32. We find that by April 2009, the original reasons for the differential in pay did cease to be a material factor. As the Claimant has said in her evidence, she and her comparator were doing identical jobs, and were being sent on exactly the same Training Courses. They achieved the same rating by way of performance review. Whatever may have been the initial view that the Claimant would have needed more supervision or input into getting used to the system there is no evidence that that continued from April 2009.
33. As already referred to, we had before put before us the case of Glasgow City Council v Marshall [2000] IRLR 272 which involves an employer pointing to an historical basis of the disparity, namely two different nationally negotiated scales and that in the circumstances the employer had done enough to make out a genuine material factor defence under Section 1(3) of the Equal Pay Act.
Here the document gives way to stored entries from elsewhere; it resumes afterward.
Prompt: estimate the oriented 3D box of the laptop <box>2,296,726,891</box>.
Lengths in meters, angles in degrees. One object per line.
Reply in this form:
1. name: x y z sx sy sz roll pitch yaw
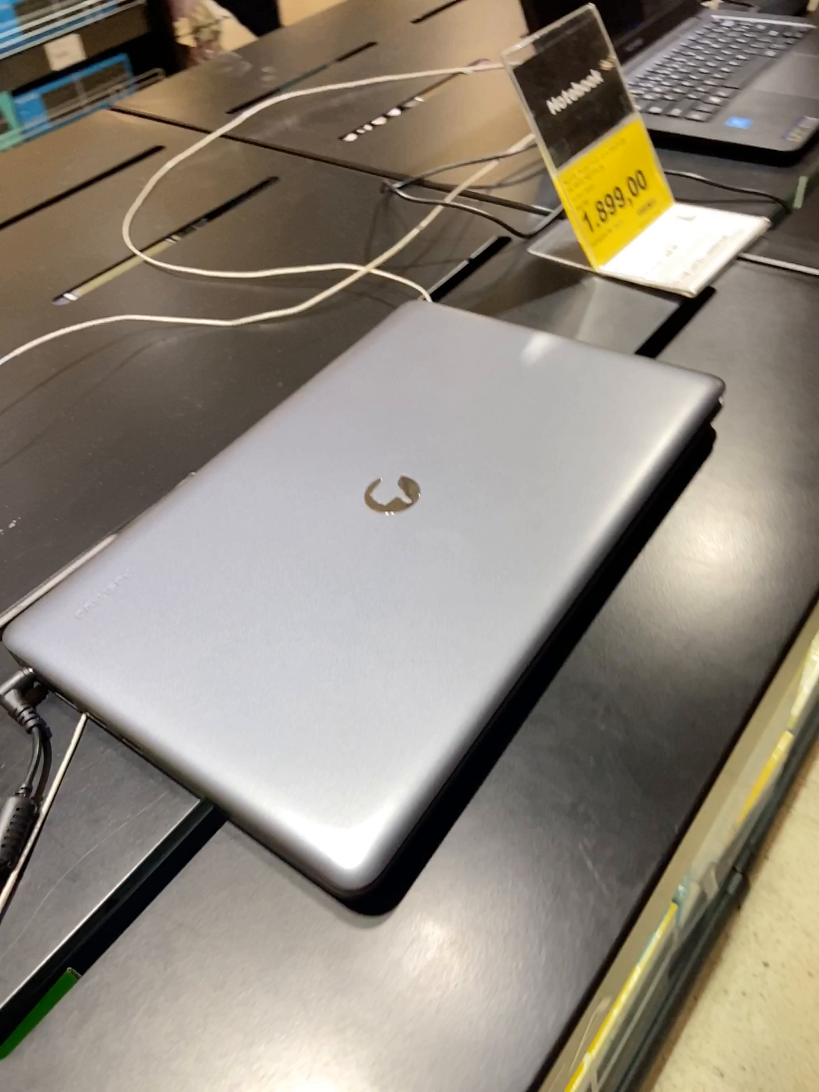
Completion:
1. laptop: -0.008 -0.024 0.427 0.213 0.001 0.331 24 54 28
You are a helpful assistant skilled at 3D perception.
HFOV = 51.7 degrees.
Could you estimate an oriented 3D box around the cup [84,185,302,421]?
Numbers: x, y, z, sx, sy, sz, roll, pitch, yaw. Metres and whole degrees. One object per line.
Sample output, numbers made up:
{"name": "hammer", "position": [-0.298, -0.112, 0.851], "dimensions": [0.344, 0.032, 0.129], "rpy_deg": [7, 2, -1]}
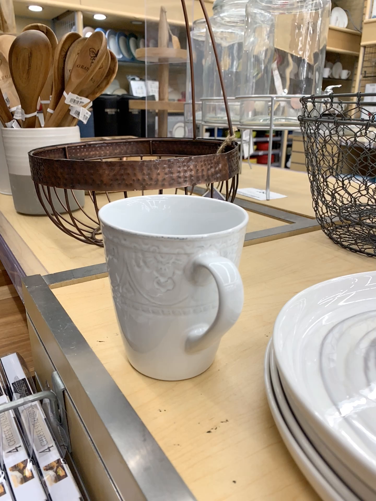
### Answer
{"name": "cup", "position": [-0.004, 0.021, 0.281], "dimensions": [0.099, 0.107, 0.125], "rpy_deg": [-11, 23, -28]}
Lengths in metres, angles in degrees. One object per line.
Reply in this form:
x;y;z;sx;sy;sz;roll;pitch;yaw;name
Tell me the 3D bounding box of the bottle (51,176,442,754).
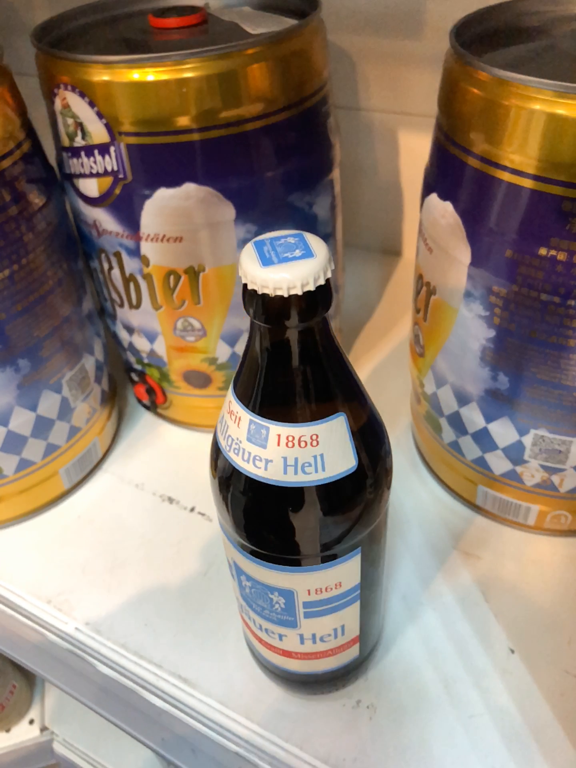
0.000;0.045;0.254;0.080;0.219;0.080;-4;41;3;bottle

We understand the point made by Lord Nicholls regarding the interplay between historic explanations and absence of sex discrimination regarding justification, and, the fact it was held that the Tribunal had applied a wrong test. However, whilst the events in Summer 2008 caused the differential in pay between the Claimant and her comparator, and can and were genuine and material, we do not consider that this historical explanation can be considered to be material at the time the Equal Pay complaint was made to the Tribunal. That is always a question of fact for the Tribunal and on the facts we consider that it has not been proven that there is anything to be significant and relevant from April 2009. In particular the argument regarding the “ability” to increase spine positions we do not find to be a genuine material factor. A self imposed internal rule cannot, in our opinion be relied upon in the way contended for by the Respondents. In these circumstances we consider that the claim for Equal Pay from April 2009 succeeds.
34. We should add that if this date of April 2009 is incorrect, then the results of the further Annual Performance Reviews in June 2010 were the Claimant and her comparator achieved “exceeded” demonstrates even more emphatically that the original reason for the differential in pay had evaporated.”
(There are a number of minor oddities in the wording of that passage, which we have not sought to correct: the overall meaning is clear enough.)